There was a time when the blending of Hollywood and homily might have been viewed as an unlikely, if not outright unholy, alliance. But anyone who’s been to the Christmas show at Crossroads Church in Oakley knows that many of today’s megachurches mount productions that rival some Broadway shows. And their multimedia-enhanced ministries have become proving grounds for young talents like Rebel Pilgrim’s Brad Wise.

Wise was a graphic design student at DAAP in the late 1990s and early 2000s  when he took a creative writing course. “I realized what I’m good at is being a visual storyteller,” he says. When he joined The Vineyard as creative director, “it kind of combined all my stuff. I could do graphic design, video, and lead teams.” But it didn’t prepare him for directing a Hollywood veteran and Oscar winner like Shirley Jones. It was only his second film, and he was giving orders to The Partridge Family’s mom. “I was super nervous and intimidated,” says Wise. “I grew up watching her.”

Boyd has been schooled in both preaching and performing—skills he needs as he evangelizes for his film. He expects that Happy will earn its money back primarily through DVD sales and rentals, not from the box office. But being in theaters, even less than 50—a pretty small run by industry standards—gives the movie a certain stature. “A theatrical release means Walmart will order more, Redbox will order more, and Netflix gives us a higher rating,” Boyd says. And all that could combine to give Rebel Pilgrim more clout when putting together future projects. So, just like in the rest of Hollywood, it comes down to selling tickets. “I don’t always want to be seen as the guy who’s asking for something, but this is a cool thing, the world needs this,” says Boyd. “And if you reserve a ticket for 10 bucks we can play in Omaha.”
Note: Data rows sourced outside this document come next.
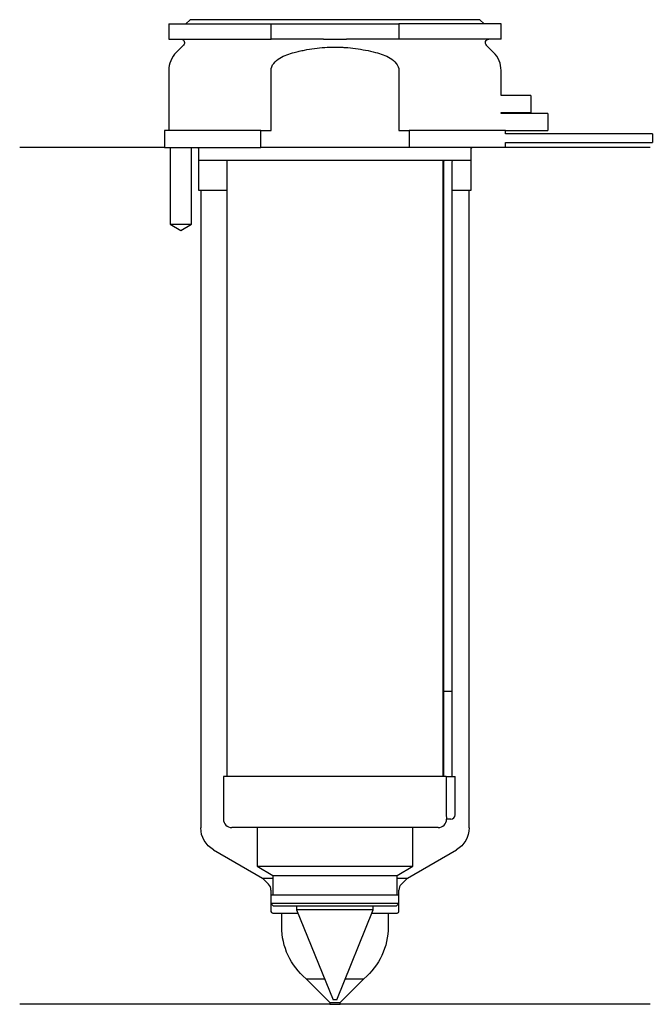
# Model space of a CAD drawing. Header units: inches. Extents: x 21 to 95, y 169 to 284.
import ezdxf

# ---------------------------------------------------------------- set-up
doc = ezdxf.new("R2010")
doc.units = ezdxf.units.IN
for name, color, linetype in [('201', 7, 'Continuous'), ('30', 7, 'Continuous'), ('32', 7, 'Continuous')]:
    doc.layers.add(name, color=color, linetype=linetype)

msp = doc.modelspace()

# ---------------------------------------------------------------- linework, layer by layer
at = {"layer": '201', "color": 113}
for p, q in [((37.53, 269.31), (20.53, 269.31)), ((38.18, 269.31), (38.18, 260.31)), ((40.68, 260.31), (40.68, 269.31)), ((41.43, 269.31), (41.53, 269.21)), ((41.53, 269.21), (41.53, 264.31)), ((73.53, 269.21), (73.63, 269.31)), ((73.53, 264.31), (73.53, 269.21)), ((94.53, 269.31), (77.53, 269.31)), ((41.53, 264.31), (41.78, 264.31)), ((41.78, 264.31), (41.78, 189.5)), ((41.78, 264.31), (44.83, 264.31)), ((70.23, 264.31), (70.28, 264.31)), ((71.28, 264.31), (73.28, 264.31)), ((73.28, 264.31), (73.53, 264.31)), ((73.28, 189.5), (73.28, 264.31)), ((38.18, 260.31), (39.43, 259.59)), ((39.43, 259.59), (40.68, 260.31)), ((43.28, 186.9), (49.02, 183.58)), ((66.03, 183.58), (71.78, 186.9)), ((49.73, 182.88), (49.02, 183.58)), ((49.02, 183.58), (50.22, 183.58)), ((64.83, 183.58), (66.03, 183.58)), ((66.03, 183.58), (65.32, 182.88)), ((50.02, 182.17), (50.02, 179.68)), ((65.03, 179.68), (65.03, 182.17)), ((50.22, 179.48), (51.28, 179.48)), ((51.28, 177.9), (51.28, 179.48)), ((51.28, 179.48), (53.18, 179.48)), ((61.87, 179.48), (63.78, 179.48)), ((63.78, 179.48), (64.83, 179.48)), ((63.78, 179.48), (63.78, 177.9)), ((56.93, 168.98), (54.13, 171.78)), ((54.13, 171.78), (56.32, 171.78)), ((60.93, 171.78), (58.13, 168.98)), ((58.73, 171.78), (60.93, 171.78)), ((56.93, 168.78), (20.53, 168.78)), ((56.93, 168.98), (56.93, 168.78)), ((56.93, 168.98), (58.13, 168.98)), ((56.93, 168.78), (58.13, 168.78)), ((58.13, 168.78), (58.13, 168.98)), ((94.53, 168.78), (58.13, 168.78))]:
    msp.add_line(p, q, dxfattribs=at)
at = {"layer": '201', "color": 113, "extrusion": (0, 0, -1)}
for centre, radius, start, end in [((-44.78, 189.5), 3, 300, 360), ((-70.28, 189.5), 3, 180, 240), ((-59.28, 177.9), 8, 310.072, 360), ((-55.78, 177.9), 8, 180, 229.928)]:
    msp.add_arc(centre, radius, start, end, dxfattribs=at)
at = {"layer": '201', "color": 113}
for centre, radius, start, end in [((49.02, 182.17), 1, 0, 45), ((66.03, 182.17), 1, 135, 180), ((50.22, 179.68), 0.2, 180, 270), ((64.83, 179.68), 0.2, -90, 0)]:
    msp.add_arc(centre, radius, start, end, dxfattribs=at)
at = {"layer": '30', "color": 113}
for p, q in [((40.53, 284.31), (40.03, 283.81)), ((74.53, 284.31), (40.53, 284.31)), ((75.03, 283.81), (74.53, 284.31)), ((38.03, 283.81), (38.03, 282.01)), ((38.03, 283.81), (50.03, 283.81)), ((50.03, 282.01), (50.03, 283.81)), ((50.03, 283.81), (65.03, 283.81)), ((77.03, 283.81), (65.03, 283.81)), ((65.03, 283.81), (65.03, 282.01)), ((77.03, 282.01), (77.03, 283.81)), ((38.03, 282.01), (50.03, 282.01)), ((56.18, 282.01), (50.03, 282.01)), ((65.03, 282.01), (58.87, 282.01)), ((77.03, 282.01), (65.03, 282.01)), ((39.76, 281.33), (38.9, 280.48)), ((76.15, 280.48), (75.29, 281.33)), ((38.03, 278.35), (38.03, 271.31)), ((50.03, 271.31), (50.03, 278.35)), ((65.03, 278.35), (65.03, 271.31)), ((77.03, 275.41), (77.03, 278.35)), ((77.03, 273.31), (77.03, 273.41)), ((48.81, 271.31), (37.53, 271.31)), ((37.53, 271.31), (37.53, 269.31)), ((48.81, 271.31), (50.03, 271.31)), ((48.81, 269.31), (48.81, 271.31)), ((65.03, 271.31), (66.24, 271.31)), ((66.24, 271.31), (66.24, 269.31)), ((77.53, 271.31), (66.24, 271.31)), ((77.53, 270.91), (77.53, 271.31)), ((94.78, 270.91), (77.53, 270.91)), ((94.78, 270.91), (94.78, 269.91)), ((37.53, 269.31), (48.81, 269.31)), ((38.18, 269.31), (38.18, 260.31)), ((40.68, 260.31), (40.68, 269.31)), ((41.53, 269.31), (41.53, 267.81)), ((66.24, 269.31), (48.81, 269.31)), ((77.53, 269.31), (66.24, 269.31)), ((73.53, 267.81), (73.53, 269.31)), ((77.53, 269.31), (77.53, 269.91)), ((77.53, 269.91), (94.78, 269.91)), ((73.53, 267.81), (41.53, 267.81)), ((44.83, 267.81), (44.83, 195.51)), ((70.23, 195.51), (70.23, 267.81)), ((70.28, 267.41), (70.28, 205.51)), ((71.28, 205.51), (71.28, 267.41)), ((38.18, 260.31), (40.68, 260.31)), ((70.28, 205.51), (70.28, 195.51)), ((70.28, 205.51), (71.28, 205.51)), ((70.28, 205.51), (71.28, 205.51)), ((71.28, 195.51), (71.28, 205.51)), ((70.6, 195.51), (44.43, 195.51)), ((44.43, 195.51), (44.43, 190.51)), ((70.6, 195.51), (70.6, 191.01)), ((70.6, 195.51), (71.63, 195.51)), ((71.63, 191.01), (71.63, 195.51)), ((69.63, 189.51), (45.43, 189.51)), ((48.38, 189.51), (48.38, 184.98)), ((66.68, 184.98), (66.68, 189.51)), ((71.13, 190.51), (70.62, 190.51)), ((48.38, 184.98), (66.68, 184.98)), ((48.38, 184.98), (50.22, 183.91)), ((64.83, 183.91), (66.68, 184.98)), ((50.22, 183.91), (64.83, 183.91)), ((50.22, 183.91), (50.22, 181.61)), ((64.83, 181.61), (64.83, 183.91)), ((50.02, 181.61), (65.03, 181.61)), ((50.02, 181.61), (50.02, 180.61)), ((65.03, 180.61), (65.03, 181.61)), ((65.03, 180.61), (50.02, 180.61)), ((50.02, 180.61), (50.32, 180.31)), ((64.73, 180.31), (50.32, 180.31)), ((53.03, 180.31), (53.03, 179.86)), ((62.03, 179.86), (62.03, 180.31)), ((64.73, 180.31), (65.03, 180.61)), ((62.03, 179.86), (53.03, 179.86)), ((53.03, 179.86), (57.33, 169.31)), ((57.73, 169.31), (62.03, 179.86)), ((57.73, 169.31), (57.33, 169.31))]:
    msp.add_line(p, q, dxfattribs=at)
at = {"layer": '30', "color": 113, "extrusion": (0, 0, -1)}
for centre, radius, start, end in [((-39.48, 281.61), 0.4, 90, 225), ((-75.58, 281.61), 0.4, -45, 90), ((-73.78, 267.41), 2.5, 0, 9.2081)]:
    msp.add_arc(centre, radius, start, end, dxfattribs=at)
at = {"layer": '30', "color": 113}
for centre, radius, start, end in [((41.03, 278.35), 3, 135, 180), ((74.03, 278.35), 3, 0, 45), ((73.78, 267.41), 3.5, 173.437, 180), ((71.13, 191.01), 0.5, -90, 0), ((45.43, 190.51), 1, 180, 270), ((69.63, 190.51), 1, -90, 0)]:
    msp.add_arc(centre, radius, start, end, dxfattribs=at)
for points, knots in [([(56.18, 282.01), (56.63, 282.01), (57.08, 282.01), (57.63, 282.01), (57.75, 282.01), (57.97, 282.01), (58.08, 282.01), (58.42, 282.01), (58.64, 282.01), (58.87, 282.01)], [0, 0, 0, 0, 0.5, 0.5, 0.625, 0.625, 0.75, 0.75, 1, 1, 1, 1]), ([(52.76, 280.48), (52.95, 280.53), (53.15, 280.57), (53.54, 280.66), (53.74, 280.7), (54.33, 280.82), (54.73, 280.89), (55.92, 281.04), (56.72, 281.1), (57.73, 281.1), (57.93, 281.09), (58.33, 281.08), (58.54, 281.07), (59.14, 281.03), (59.54, 280.99), (60.74, 280.83), (61.52, 280.67), (62.3, 280.48)], [0, 0, 0, 0, 0.0625, 0.0625, 0.125, 0.125, 0.25, 0.25, 0.5, 0.5, 0.5625, 0.5625, 0.625, 0.625, 0.75, 0.75, 1, 1, 1, 1]), ([(50.03, 278.35), (50.03, 278.97), (50.53, 279.48), (51.58, 280.12), (52.16, 280.32), (52.76, 280.48)], [0, 0, 0, 0, 0.5, 0.5, 1, 1, 1, 1]), ([(62.3, 280.48), (62.89, 280.32), (63.48, 280.12), (64.53, 279.48), (65.03, 278.97), (65.03, 278.35)], [0, 0, 0, 0, 0.5, 0.5, 1, 1, 1, 1]), ([(70.6, 191.01), (70.6, 190.96), (70.6, 190.9), (70.6, 190.8), (70.6, 190.75), (70.61, 190.66), (70.61, 190.62), (70.61, 190.56), (70.62, 190.54), (70.62, 190.53), (70.62, 190.52), (70.62, 190.51)], [0, 0, 0, 0, 0.208202, 0.208202, 0.416635, 0.416635, 0.625338, 0.625338, 0.835614, 0.835614, 1, 1, 1, 1])]:
    msp.add_open_spline(points, degree=3, knots=knots, dxfattribs=at)
at = {"layer": '32', "color": 113}
for p, q in [((80.53, 275.41), (77.03, 275.41)), ((80.53, 275.41), (80.53, 273.41)), ((77.03, 273.41), (80.53, 273.41)), ((82.53, 273.31), (77.03, 273.31)), ((82.53, 273.31), (82.53, 271.31)), ((77.53, 271.31), (82.53, 271.31))]:
    msp.add_line(p, q, dxfattribs=at)

doc.saveas('drawing.dxf')

Aside from counting box office receipts, studios love to pigeonhole and movie ideas can raise or dash enthusiasm by their one sentence pitches. It’s Little Miss Sunshine meets Driving Miss Daisy! It’s Top Gun meets Priscilla Queen of the Desert! It’s Juno meets The Blair Witch Project! Or as Rebel Pilgrim describes A Strange Brand of Happy, it’s Office Space meets Napoleon Dynamite. Time will tell if viewers—believers and nonbelievers alike—are attracted to that depiction, but Rebel Pilgrim’s mission to bring hopeful, inspiring stories to the screen marches on. They’ve just wrapped Hope Bridge, a drama about suicide prevention with Kevin Sorbo of TV’s Hercules and Booboo Stewart of The Twilight Saga. Now they’re working on financing for the three or four scripts they hope to make over the next two years.

Despite a roster of faith-friendly projects, any worries Boyd and Wise have about being branded “Christian filmmakers” may be premature. It’s old Hollywood wisdom that you don’t get pigeonholed for the first feature you make, but for the first one that makes money. “I want to make all kinds of films,” says Wise. “When I see a preview for The Way Way Back or The Secret Life of Walter Mitty, I want to make that.”
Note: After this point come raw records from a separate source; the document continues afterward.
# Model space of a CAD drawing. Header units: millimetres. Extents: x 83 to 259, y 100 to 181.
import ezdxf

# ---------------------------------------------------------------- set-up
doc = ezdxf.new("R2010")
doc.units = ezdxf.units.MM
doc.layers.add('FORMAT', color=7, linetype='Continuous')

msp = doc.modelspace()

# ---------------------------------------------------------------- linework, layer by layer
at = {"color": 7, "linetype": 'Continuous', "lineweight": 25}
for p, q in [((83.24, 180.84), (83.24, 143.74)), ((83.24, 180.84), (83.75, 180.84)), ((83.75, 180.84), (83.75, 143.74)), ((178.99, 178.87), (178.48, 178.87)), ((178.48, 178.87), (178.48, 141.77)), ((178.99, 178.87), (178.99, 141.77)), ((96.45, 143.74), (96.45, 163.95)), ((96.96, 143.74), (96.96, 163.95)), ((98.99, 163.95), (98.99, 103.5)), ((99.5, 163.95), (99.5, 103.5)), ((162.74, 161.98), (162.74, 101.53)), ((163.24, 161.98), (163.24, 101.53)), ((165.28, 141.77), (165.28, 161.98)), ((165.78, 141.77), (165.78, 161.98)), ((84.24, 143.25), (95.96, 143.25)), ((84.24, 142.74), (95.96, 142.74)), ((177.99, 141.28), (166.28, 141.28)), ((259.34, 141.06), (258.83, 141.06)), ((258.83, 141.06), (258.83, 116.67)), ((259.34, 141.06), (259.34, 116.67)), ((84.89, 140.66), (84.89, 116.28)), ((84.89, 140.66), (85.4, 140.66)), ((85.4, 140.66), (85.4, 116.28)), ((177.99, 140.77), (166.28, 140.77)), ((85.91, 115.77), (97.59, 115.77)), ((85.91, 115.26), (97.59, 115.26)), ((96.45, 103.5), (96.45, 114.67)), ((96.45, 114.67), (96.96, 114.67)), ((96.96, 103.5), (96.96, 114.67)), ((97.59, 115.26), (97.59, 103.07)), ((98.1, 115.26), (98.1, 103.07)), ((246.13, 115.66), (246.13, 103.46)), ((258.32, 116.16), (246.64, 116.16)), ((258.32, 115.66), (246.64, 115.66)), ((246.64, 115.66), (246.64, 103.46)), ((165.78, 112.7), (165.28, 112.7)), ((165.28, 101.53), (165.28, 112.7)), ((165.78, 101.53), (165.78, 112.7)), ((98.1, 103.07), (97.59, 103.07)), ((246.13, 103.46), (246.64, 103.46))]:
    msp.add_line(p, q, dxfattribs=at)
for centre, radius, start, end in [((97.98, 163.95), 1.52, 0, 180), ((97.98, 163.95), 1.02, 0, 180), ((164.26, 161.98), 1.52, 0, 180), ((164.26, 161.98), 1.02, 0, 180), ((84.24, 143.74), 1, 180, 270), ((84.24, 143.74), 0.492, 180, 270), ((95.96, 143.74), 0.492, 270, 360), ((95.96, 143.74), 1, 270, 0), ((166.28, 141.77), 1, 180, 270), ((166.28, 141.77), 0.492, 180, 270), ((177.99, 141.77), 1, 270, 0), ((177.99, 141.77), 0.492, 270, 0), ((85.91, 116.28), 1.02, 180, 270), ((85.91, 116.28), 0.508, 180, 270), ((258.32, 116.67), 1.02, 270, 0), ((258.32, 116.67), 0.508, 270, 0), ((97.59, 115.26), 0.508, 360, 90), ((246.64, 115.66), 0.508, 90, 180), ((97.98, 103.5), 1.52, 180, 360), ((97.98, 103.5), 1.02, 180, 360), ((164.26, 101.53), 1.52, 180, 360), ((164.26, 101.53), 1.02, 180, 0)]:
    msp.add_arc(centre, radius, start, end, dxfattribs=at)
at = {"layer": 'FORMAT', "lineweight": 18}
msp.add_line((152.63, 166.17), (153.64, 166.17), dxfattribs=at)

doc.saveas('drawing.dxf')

“I want to make Avatar,” Boyd chimes in, laughing, “with a $600 million budget.”

Actually, Boyd says, if his only motivation was to make money, then he’d be wise to stick to movies like Fireproof—films custom-made for Christian viewers. “We really want to make movies that have mass appeal,” he says. “The problem with that is then you’re competing with X-Men. Once you step out of your safety net, it’s hard.”

Boyd took these concerns to one of his mentors, Ralph Winter, who just so happens to have produced X-Men, Fantastic Four, and some other big budget films. “His advice was, just show you can do it,” he says.

The real message? Whether you’re secular or religious, Hollywood works the same way. “Make a few movies that don’t lose money,” Boyd says, “and everyone will want to work with you.”